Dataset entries
****************
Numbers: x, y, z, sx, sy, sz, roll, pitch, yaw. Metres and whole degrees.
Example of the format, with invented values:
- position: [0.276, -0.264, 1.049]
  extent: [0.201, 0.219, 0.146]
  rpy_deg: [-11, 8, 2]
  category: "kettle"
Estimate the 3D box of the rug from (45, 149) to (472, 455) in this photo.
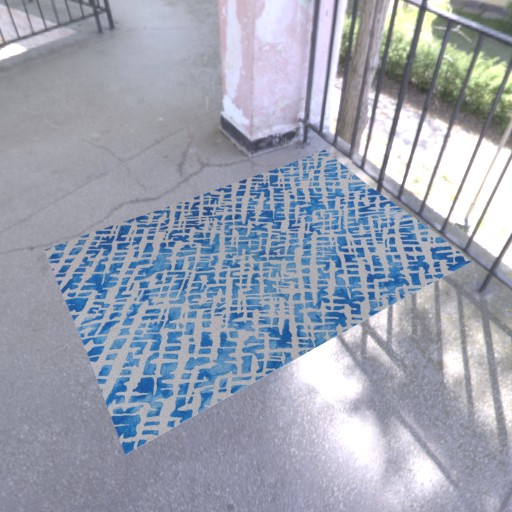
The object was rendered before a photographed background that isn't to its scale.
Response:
- position: [0.000, 0.000, 2.273]
  extent: [1.830, 0.011, 1.209]
  rpy_deg: [-24, 50, -21]
  category: "rug"
****************
- Work instruction -
What should appear is an exact copy of the lines from the one containing "Example of the" through the last line of the records above, pictures excluded.

- Answer to the exercise -
Example of the format, with invented values:
- position: [0.276, -0.264, 1.049]
  extent: [0.201, 0.219, 0.146]
  rpy_deg: [-11, 8, 2]
  category: "kettle"
Estimate the 3D box of the rug from (45, 149) to (472, 455) in this photo.
The object was rendered before a photographed background that isn't to its scale.
Response:
- position: [0.000, 0.000, 2.273]
  extent: [1.830, 0.011, 1.209]
  rpy_deg: [-24, 50, -21]
  category: "rug"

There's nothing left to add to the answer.